Grilling indirectly would be good, fold and tie the thin end over so it will cook evenly. Season and Baste with a wine and herb butter sauce. You could also do this roasting it in the oven.


----------



## ironchef (Jul 1, 2007)

muzzlet said:
			
		

> Hi all:
> Any thoughts on best way to cook boneless skinless turkey breast? Recently picked up a couple, about 1 pound each. Roasting, grilling, etc.? Do they need to be pounded to make them more even? How do I keep them from drying out? HELP!!
> Thanks, Jan


 
Seriously, the only obvious way to keep them from drying out is to not overcook them. Treat them as you would chicken breast and you'll be fine. Turkey is pretty bland so you want to season and sauce them pretty aggresively. A good way to cook them would be to pound them thin scallopini style, then do a turkey milanese, picatta, saltimbocca, etc. You could also do turkey roulade as well. I prefer to go this route because as you noted, the breasts themselves are uneven so they will cook that way as well. 

Some people may suggest to brine them which will help if you decide to either grill or roast them, but you'll still need a flavorful sauce as the meat itself will be bland. You'll have the salt from the brine, but salt + turkey breast still equals bland turkey unless it's smoked.


----------



## Katie H (Jul 1, 2007)

No one's mentioned, but how about slicing into strips and using them in a stir-fry?  That would be a tasty and quick way to use some of what you have.


----------



## *amy* (Jul 1, 2007)

This recipe is very similar to one I saved & filed away years ago. The side dish was zuchinni boats, stuffed with what looks like spanish rice.

Stuffed Turkey Breast

I wonder if you might try stuffing/rolling the breast up with pesto, pine nuts & prosciutto. Just a thought.


----------



## muzzlet (Jul 2, 2007)

Some really great ideas! Thanks so much everyone!


----------



## BBQ Mikey (Jul 2, 2007)

I enjoy making a simple egg drop (egg, salt, pepper, flour) and then after dredging them in that, coat with italian bread crumbs or panko and baking.  You could then make a sandwhich or turkey parmigiana, or simply cut them into bite size portions or strips and eat like that with fav. sauces.


----------



## SierraCook (Jul 8, 2007)

My mom also cooks a turkey breast in the crockpot.  She seasons the turkey breast with her favorite herbs and seasonings, to taste.  Then she put it in the crockpot with some liquid to keep the breast from drying out.  You could use water or wine.  I am not sure how long she cooks it in the crockpot.  But after a few hours I would test it with a meat thermometer for doneness.


----------



## buckytom (Jul 9, 2007)

giant turkey cutlet parm!

it's pretty cool looking, tasty, and takes up an entire baking pan. 
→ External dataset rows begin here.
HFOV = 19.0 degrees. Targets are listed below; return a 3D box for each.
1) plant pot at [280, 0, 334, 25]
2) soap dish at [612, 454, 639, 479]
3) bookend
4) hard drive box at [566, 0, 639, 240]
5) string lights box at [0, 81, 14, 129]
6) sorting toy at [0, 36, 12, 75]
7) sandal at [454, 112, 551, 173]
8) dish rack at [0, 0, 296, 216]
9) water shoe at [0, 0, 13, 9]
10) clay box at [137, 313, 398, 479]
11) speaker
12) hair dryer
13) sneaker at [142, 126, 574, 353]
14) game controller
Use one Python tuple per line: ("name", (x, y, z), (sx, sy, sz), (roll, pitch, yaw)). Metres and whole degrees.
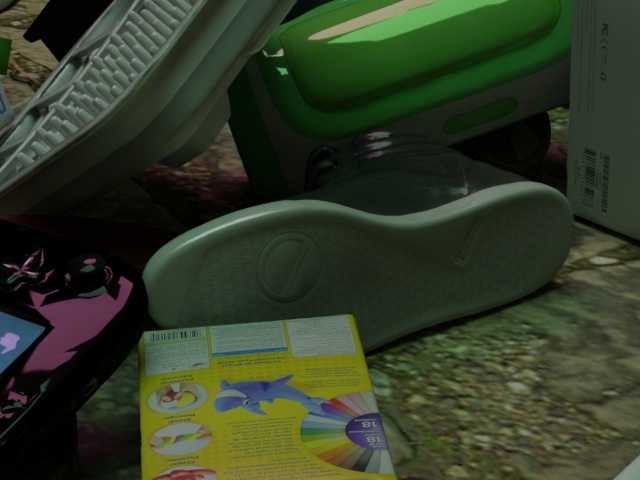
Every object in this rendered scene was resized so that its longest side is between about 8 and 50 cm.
("plant pot", (0.064, -0.279, 1.592), (0.272, 0.271, 0.255), (-24, 30, -38))
("soap dish", (0.249, 0.167, 0.772), (0.291, 0.118, 0.229), (14, 30, 33))
("bookend", (-0.144, -0.169, 1.601), (0.157, 0.156, 0.072), (50, 41, 5))
("hard drive box", (0.271, -0.076, 1.236), (0.089, 0.181, 0.232), (-18, 29, -33))
("string lights box", (-0.361, -0.064, 1.341), (0.260, 0.076, 0.133), (-13, 21, 17))
("sorting toy", (-0.414, -0.184, 1.572), (0.348, 0.047, 0.196), (5, 9, -40))
("sandal", (0.110, -0.098, 1.457), (0.072, 0.049, 0.180), (-42, 47, -17))
("dish rack", (-0.109, -0.113, 1.270), (0.333, 0.072, 0.285), (-26, 25, 55))
("water shoe", (-0.351, -0.251, 1.822), (0.073, 0.080, 0.203), (8, 26, 22))
("clay box", (-0.030, 0.113, 1.005), (0.127, 0.053, 0.222), (-5, 25, -4))
("speaker", (0.077, -0.127, 1.372), (0.297, 0.131, 0.131), (-19, 25, 0))
("hair dryer", (-0.179, 0.065, 1.143), (0.224, 0.080, 0.293), (29, 42, 24))
("sneaker", (0.000, 0.000, 1.204), (0.296, 0.104, 0.147), (-11, 23, -30))
("game controller", (-0.229, 0.092, 0.983), (0.166, 0.067, 0.319), (23, 44, 19))
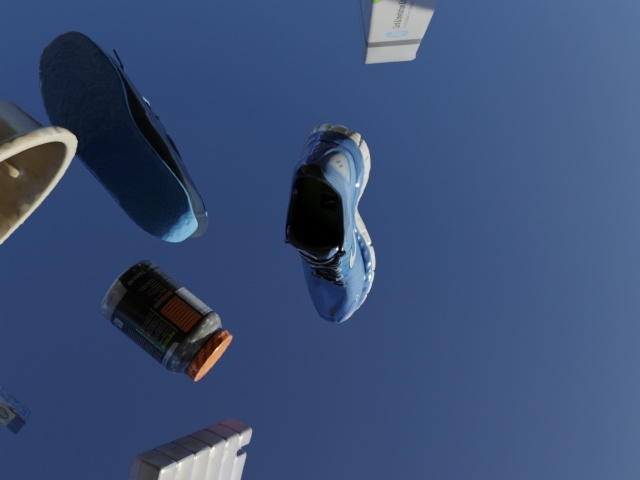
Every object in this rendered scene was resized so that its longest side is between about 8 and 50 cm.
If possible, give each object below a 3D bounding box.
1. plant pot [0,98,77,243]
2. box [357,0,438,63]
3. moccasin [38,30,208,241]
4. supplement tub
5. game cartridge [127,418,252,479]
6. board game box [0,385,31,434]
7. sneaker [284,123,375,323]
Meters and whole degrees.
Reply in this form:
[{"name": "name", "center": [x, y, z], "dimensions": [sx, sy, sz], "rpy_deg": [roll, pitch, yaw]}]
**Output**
[{"name": "plant pot", "center": [-0.446, -0.089, 0.564], "dimensions": [0.305, 0.334, 0.334], "rpy_deg": [47, -125, -9]}, {"name": "box", "center": [0.035, -0.184, 0.341], "dimensions": [0.038, 0.186, 0.145], "rpy_deg": [-6, -88, 1]}, {"name": "moccasin", "center": [-0.277, -0.131, 0.919], "dimensions": [0.138, 0.117, 0.342], "rpy_deg": [-32, -101, 7]}, {"name": "supplement tub", "center": [-0.241, 0.129, 1.047], "dimensions": [0.190, 0.117, 0.117], "rpy_deg": [38, -125, 7]}, {"name": "game cartridge", "center": [-0.209, 0.436, 0.897], "dimensions": [0.068, 0.230, 0.355], "rpy_deg": [16, -86, 29]}, {"name": "board game box", "center": [-0.400, 0.196, 0.815], "dimensions": [0.090, 0.090, 0.020], "rpy_deg": [45, -108, -11]}, {"name": "sneaker", "center": [0.000, 0.000, 0.989], "dimensions": [0.130, 0.330, 0.147], "rpy_deg": [10, -143, 23]}]
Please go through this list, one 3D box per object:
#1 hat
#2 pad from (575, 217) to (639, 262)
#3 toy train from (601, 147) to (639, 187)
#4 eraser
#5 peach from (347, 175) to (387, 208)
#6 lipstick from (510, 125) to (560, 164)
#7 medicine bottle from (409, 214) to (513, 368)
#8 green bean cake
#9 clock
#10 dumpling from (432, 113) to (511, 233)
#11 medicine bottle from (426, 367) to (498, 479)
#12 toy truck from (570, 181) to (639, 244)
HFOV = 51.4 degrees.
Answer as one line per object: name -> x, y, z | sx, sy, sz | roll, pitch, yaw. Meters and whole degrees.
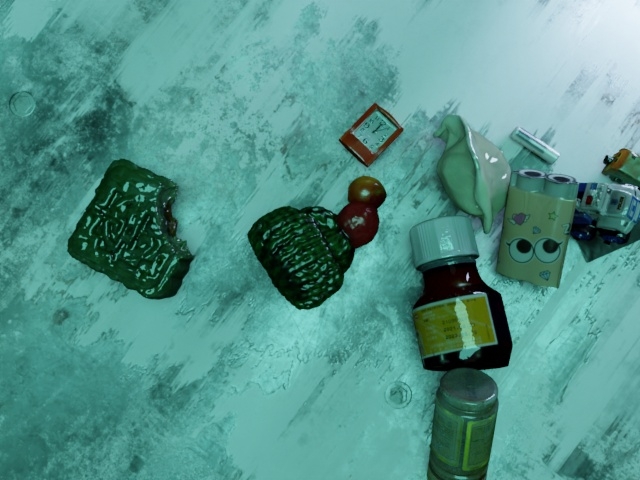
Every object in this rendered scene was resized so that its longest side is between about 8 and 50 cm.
hat -> 0.000, 0.000, 1.747 | 0.332, 0.242, 0.274 | -33, 111, -10
pad -> 0.800, -0.026, 1.843 | 0.193, 0.004, 0.116 | -23, 85, 0
toy train -> 0.858, -0.175, 1.806 | 0.188, 0.099, 0.072 | 33, 87, 2
eraser -> 0.562, -0.032, 1.731 | 0.171, 0.087, 0.291 | 14, 116, 25
peach -> 0.128, -0.126, 1.808 | 0.100, 0.101, 0.101 | 0, 86, 0
lipstick -> 0.594, -0.265, 1.844 | 0.141, 0.040, 0.040 | 35, 87, 3
medicine bottle -> 0.352, 0.140, 1.730 | 0.242, 0.242, 0.395 | -6, 72, 0
green bean cake -> -0.473, -0.028, 1.772 | 0.300, 0.169, 0.308 | 26, 85, 3
clock -> 0.141, -0.291, 1.841 | 0.113, 0.061, 0.155 | 44, 84, 3
dumpling -> 0.411, -0.189, 1.737 | 0.187, 0.243, 0.318 | -23, 73, -2
medicine bottle -> 0.354, 0.486, 1.663 | 0.151, 0.151, 0.323 | 1, 117, 1
toy truck -> 0.718, -0.094, 1.746 | 0.177, 0.213, 0.161 | 27, 79, -38
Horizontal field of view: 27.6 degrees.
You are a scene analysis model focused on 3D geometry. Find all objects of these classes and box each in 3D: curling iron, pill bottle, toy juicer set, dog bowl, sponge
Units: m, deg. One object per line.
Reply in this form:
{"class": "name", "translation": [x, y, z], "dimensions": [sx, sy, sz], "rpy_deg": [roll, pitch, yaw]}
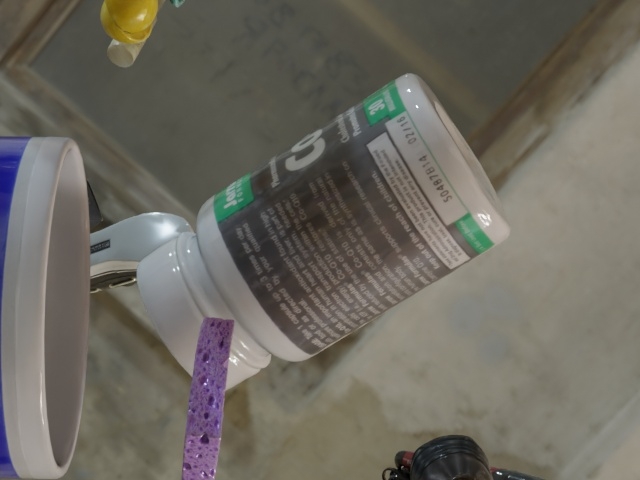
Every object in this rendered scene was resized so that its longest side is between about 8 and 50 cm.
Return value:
{"class": "curling iron", "translation": [0.158, 0.219, 1.120], "dimensions": [0.274, 0.035, 0.068], "rpy_deg": [-5, -62, 49]}
{"class": "pill bottle", "translation": [0.000, 0.000, 1.377], "dimensions": [0.204, 0.361, 0.204], "rpy_deg": [55, 11, -16]}
{"class": "toy juicer set", "translation": [-0.135, -0.259, 1.245], "dimensions": [0.089, 0.209, 0.329], "rpy_deg": [23, -19, -3]}
{"class": "dog bowl", "translation": [-0.245, 0.051, 1.009], "dimensions": [0.104, 0.265, 0.265], "rpy_deg": [1, 17, -3]}
{"class": "sponge", "translation": [-0.102, 0.174, 1.133], "dimensions": [0.031, 0.210, 0.117], "rpy_deg": [6, 51, -4]}

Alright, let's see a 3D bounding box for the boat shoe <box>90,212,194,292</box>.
{"class": "boat shoe", "translation": [-0.261, 0.021, 1.743], "dimensions": [0.070, 0.219, 0.077], "rpy_deg": [54, 29, -51]}

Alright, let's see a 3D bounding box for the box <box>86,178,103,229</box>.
{"class": "box", "translation": [-0.372, -0.004, 1.363], "dimensions": [0.233, 0.183, 0.059], "rpy_deg": [0, 63, -55]}

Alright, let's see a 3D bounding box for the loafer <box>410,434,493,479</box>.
{"class": "loafer", "translation": [0.092, 0.202, 0.776], "dimensions": [0.061, 0.062, 0.170], "rpy_deg": [-103, 174, -69]}
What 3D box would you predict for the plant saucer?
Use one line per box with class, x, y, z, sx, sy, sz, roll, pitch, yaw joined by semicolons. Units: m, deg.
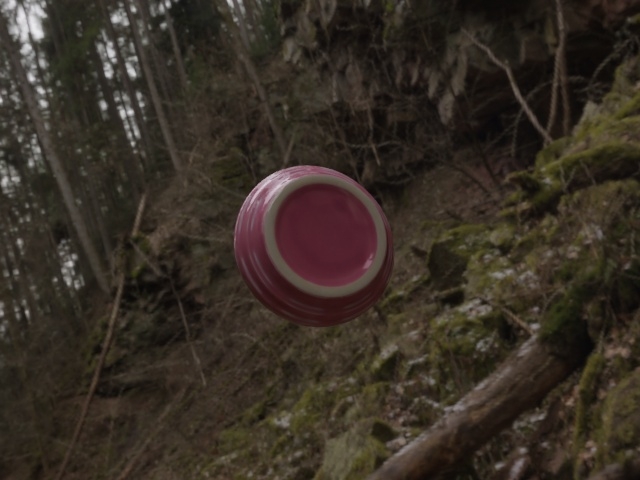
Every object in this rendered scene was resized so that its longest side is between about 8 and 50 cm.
plant saucer;0.000;0.000;1.305;0.332;0.332;0.084;-14;-12;-22
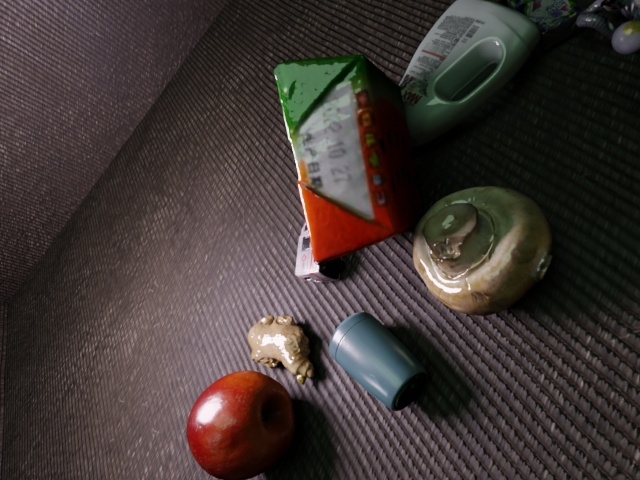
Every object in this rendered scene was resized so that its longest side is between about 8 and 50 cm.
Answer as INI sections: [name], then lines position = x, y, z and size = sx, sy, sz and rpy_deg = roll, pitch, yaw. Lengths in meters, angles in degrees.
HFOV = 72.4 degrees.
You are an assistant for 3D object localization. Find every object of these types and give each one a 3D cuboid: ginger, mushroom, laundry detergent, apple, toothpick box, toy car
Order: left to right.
[apple]
position = -0.169, 0.397, 0.948
size = 0.201, 0.218, 0.218
rpy_deg = -25, 55, 31
[ginger]
position = -0.088, 0.250, 1.050
size = 0.213, 0.074, 0.138
rpy_deg = 7, 83, 46
[toy car]
position = 0.000, 0.000, 1.089
size = 0.108, 0.089, 0.210
rpy_deg = -11, 65, 42
[toothpick box]
position = 0.114, 0.237, 0.854
size = 0.184, 0.120, 0.120
rpy_deg = 39, 96, 41
[laundry detergent]
position = 0.270, -0.339, 1.000
size = 0.398, 0.124, 0.264
rpy_deg = -50, 44, 11
[mushroom]
position = 0.283, 0.011, 0.780
size = 0.254, 0.184, 0.255
rpy_deg = -29, 39, 26

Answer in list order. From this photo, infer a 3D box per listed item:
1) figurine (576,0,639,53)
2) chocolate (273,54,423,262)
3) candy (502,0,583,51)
[figurine]
position = 0.597, -0.344, 0.689
size = 0.261, 0.186, 0.382
rpy_deg = -15, 54, 22
[chocolate]
position = 0.081, -0.162, 0.863
size = 0.161, 0.360, 0.342
rpy_deg = -10, 95, 23
[candy]
position = 0.466, -0.548, 0.979
size = 0.088, 0.061, 0.313
rpy_deg = -31, 52, 23
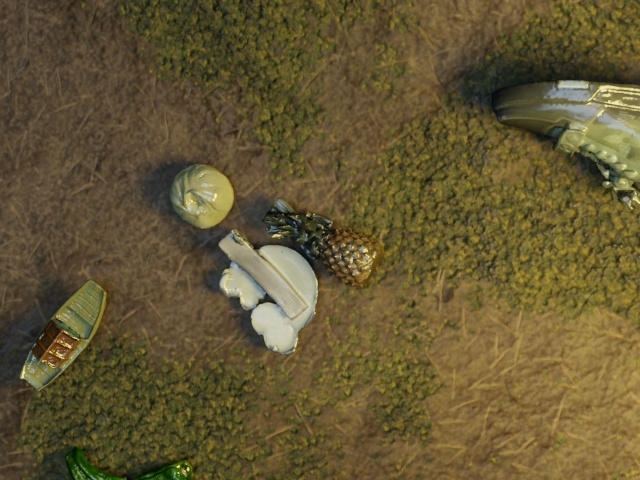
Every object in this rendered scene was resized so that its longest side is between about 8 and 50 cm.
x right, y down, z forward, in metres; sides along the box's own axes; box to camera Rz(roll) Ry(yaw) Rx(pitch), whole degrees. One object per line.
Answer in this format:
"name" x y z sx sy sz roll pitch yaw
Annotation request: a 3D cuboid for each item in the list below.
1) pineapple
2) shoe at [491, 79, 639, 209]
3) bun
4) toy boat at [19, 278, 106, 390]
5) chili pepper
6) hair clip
"pineapple" 0.000 0.000 1.832 0.159 0.074 0.074 30 100 10
"shoe" 0.352 -0.113 1.731 0.293 0.109 0.149 2 90 6
"bun" -0.158 -0.058 1.862 0.086 0.055 0.086 1 95 11
"toy boat" -0.340 0.126 1.908 0.065 0.066 0.172 39 100 8
"chili pepper" -0.258 0.324 1.920 0.182 0.050 0.073 4 103 13
"hair clip" -0.065 0.057 1.860 0.116 0.049 0.172 -43 89 16
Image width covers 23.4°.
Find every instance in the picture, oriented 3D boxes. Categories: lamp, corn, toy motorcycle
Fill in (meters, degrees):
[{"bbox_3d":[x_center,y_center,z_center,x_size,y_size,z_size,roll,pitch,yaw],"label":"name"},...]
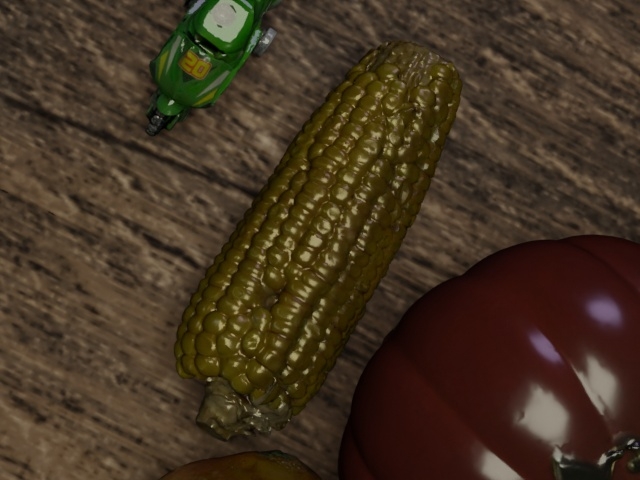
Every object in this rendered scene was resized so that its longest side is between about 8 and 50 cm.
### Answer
[{"bbox_3d":[0.159,0.139,1.060,0.303,0.257,0.303,-16,128,-22],"label":"lamp"},{"bbox_3d":[0.000,0.000,1.121,0.119,0.119,0.322,34,81,-5],"label":"corn"},{"bbox_3d":[-0.072,-0.158,1.124,0.074,0.106,0.190,34,84,-5],"label":"toy motorcycle"}]

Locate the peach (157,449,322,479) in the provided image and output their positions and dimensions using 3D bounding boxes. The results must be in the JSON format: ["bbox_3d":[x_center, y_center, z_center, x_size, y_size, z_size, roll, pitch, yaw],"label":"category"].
[{"bbox_3d":[-0.057,0.260,1.055,0.214,0.214,0.235,6,79,-7],"label":"peach"}]
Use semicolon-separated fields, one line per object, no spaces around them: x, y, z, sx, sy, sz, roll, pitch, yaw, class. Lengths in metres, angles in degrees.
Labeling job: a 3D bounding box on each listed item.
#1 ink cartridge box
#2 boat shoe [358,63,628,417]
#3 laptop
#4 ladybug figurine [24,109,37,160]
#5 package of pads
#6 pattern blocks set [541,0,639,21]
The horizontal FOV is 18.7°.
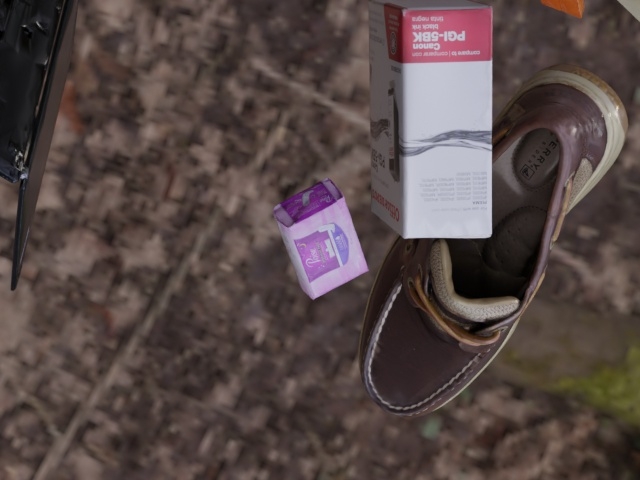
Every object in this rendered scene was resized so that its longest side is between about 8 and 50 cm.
0.064;-0.074;1.154;0.056;0.099;0.135;-3;100;-10;ink cartridge box
0.113;0.020;1.499;0.342;0.123;0.123;-56;175;33;boat shoe
-0.265;-0.136;1.444;0.264;0.136;0.234;33;50;-35;laptop
-0.412;-0.151;1.510;0.449;0.305;0.162;15;74;-44;ladybug figurine
0.000;0.000;1.390;0.050;0.032;0.083;-29;136;-9;package of pads
0.328;-0.285;1.910;0.325;0.285;0.026;43;52;-40;pattern blocks set
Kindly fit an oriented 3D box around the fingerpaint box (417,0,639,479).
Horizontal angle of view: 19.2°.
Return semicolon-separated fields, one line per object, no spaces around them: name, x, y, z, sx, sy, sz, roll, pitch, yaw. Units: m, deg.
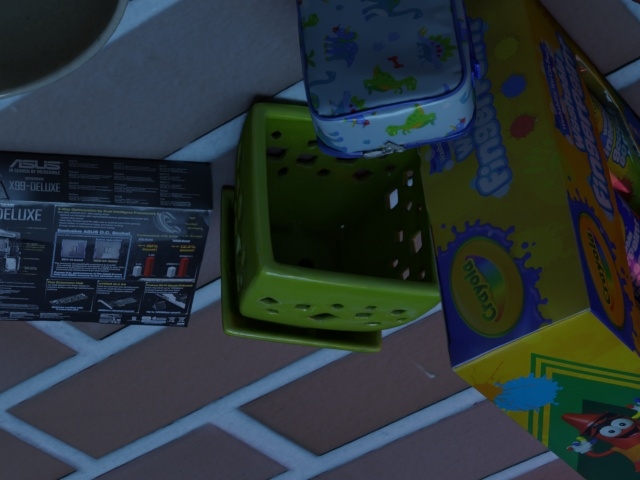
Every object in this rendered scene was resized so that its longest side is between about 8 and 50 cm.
fingerpaint box;0.265;0.001;2.002;0.163;0.445;0.371;-26;138;23

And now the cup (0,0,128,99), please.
cup;-0.334;-0.317;1.671;0.331;0.237;0.331;-3;144;-2

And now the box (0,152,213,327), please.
box;-0.294;0.003;2.240;0.307;0.077;0.242;2;143;-11

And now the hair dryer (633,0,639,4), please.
hair dryer;0.387;-0.329;1.910;0.293;0.080;0.224;9;126;-27

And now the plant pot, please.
plant pot;0.000;0.000;2.162;0.228;0.227;0.207;8;148;-18

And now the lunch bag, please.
lunch bag;0.069;-0.190;1.907;0.176;0.219;0.090;-11;144;7
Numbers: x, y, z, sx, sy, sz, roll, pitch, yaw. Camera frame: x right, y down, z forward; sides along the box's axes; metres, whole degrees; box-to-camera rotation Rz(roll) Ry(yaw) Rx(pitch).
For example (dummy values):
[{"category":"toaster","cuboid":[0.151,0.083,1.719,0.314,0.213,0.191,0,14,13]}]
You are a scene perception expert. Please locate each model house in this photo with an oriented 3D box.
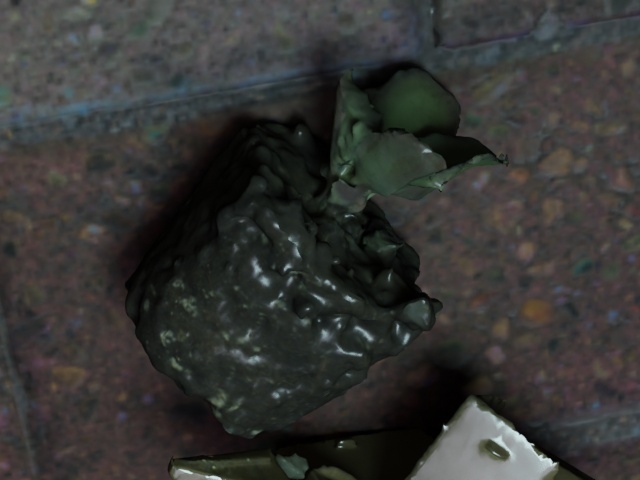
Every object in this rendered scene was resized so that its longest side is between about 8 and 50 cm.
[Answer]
[{"category":"model house","cuboid":[0.028,0.150,1.062,0.248,0.181,0.176,29,103,-33]}]

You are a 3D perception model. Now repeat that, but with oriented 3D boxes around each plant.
[{"category":"plant","cuboid":[0.000,0.000,1.032,0.131,0.142,0.203,36,117,-14]}]
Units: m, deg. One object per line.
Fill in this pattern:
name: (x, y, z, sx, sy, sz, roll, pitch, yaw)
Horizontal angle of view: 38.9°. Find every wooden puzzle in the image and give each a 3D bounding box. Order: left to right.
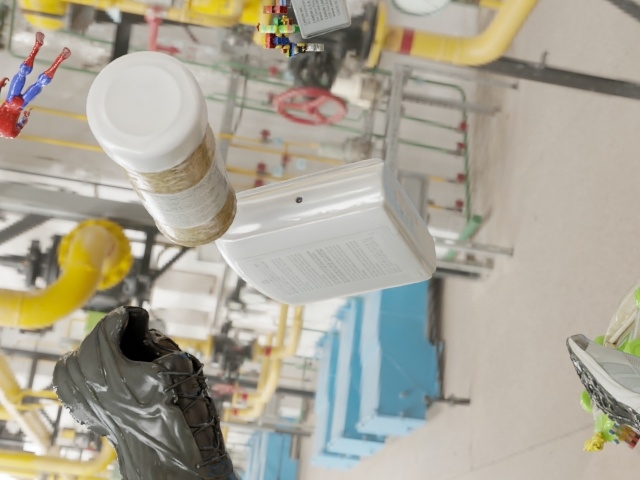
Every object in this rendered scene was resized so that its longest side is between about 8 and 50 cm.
wooden puzzle: (0.535, 0.339, 1.592, 0.083, 0.049, 0.006, -28, -33, -50)

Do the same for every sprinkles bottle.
sprinkles bottle: (-0.177, -0.093, 1.091, 0.355, 0.121, 0.121, 85, -169, -74)

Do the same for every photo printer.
photo printer: (0.000, 0.000, 1.428, 0.256, 0.307, 0.107, 48, -145, -50)

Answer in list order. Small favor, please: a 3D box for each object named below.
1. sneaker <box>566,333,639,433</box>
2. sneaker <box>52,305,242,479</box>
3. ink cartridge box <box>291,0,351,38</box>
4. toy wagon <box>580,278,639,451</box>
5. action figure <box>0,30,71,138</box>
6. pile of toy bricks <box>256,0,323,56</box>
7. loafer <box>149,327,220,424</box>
sneaker: (0.440, 0.201, 1.237, 0.100, 0.108, 0.271, 58, 171, -33)
sneaker: (-0.153, 0.186, 0.919, 0.130, 0.286, 0.109, -51, -16, 18)
ink cartridge box: (-0.037, -0.393, 0.951, 0.239, 0.060, 0.275, -100, -6, -46)
toy wagon: (0.567, 0.246, 1.714, 0.267, 0.068, 0.345, 97, -167, -61)
action figure: (-0.619, -0.319, 1.895, 0.280, 0.091, 0.139, -48, 27, 24)
pile of toy bricks: (-0.085, -0.453, 1.944, 0.212, 0.105, 0.118, -19, -68, -60)
loafer: (-0.196, 0.204, 1.287, 0.080, 0.078, 0.220, -57, -39, -27)
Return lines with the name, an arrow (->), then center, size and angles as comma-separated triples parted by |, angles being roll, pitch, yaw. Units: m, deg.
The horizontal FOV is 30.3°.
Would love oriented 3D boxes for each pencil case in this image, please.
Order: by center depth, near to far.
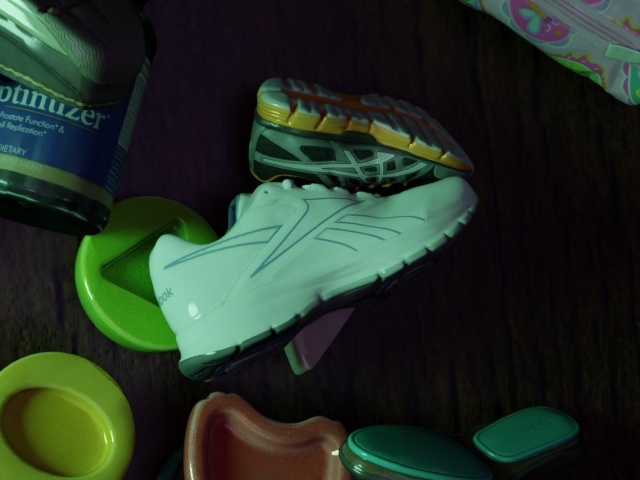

pound the breast until it's about a 1/4 to 1/2 inch thick on average. it'll be pretty big. if you can't hanle something that large, slice in half horizontally, then pound down.
next, eggwash, breadcrumbs, and fry in olive oil just until golden but not cooked thru. put some tomato sauce in the bottom of a large baking dish, then the cutlet, then a little more sauce, then sprinkle with grated parm, and a good layer of mozzarella.
bake in a 400 degree oven for 15 minutes or so, until the cheese has melted and starts to toast on the egdes, and the toikey is cooked thru.


----------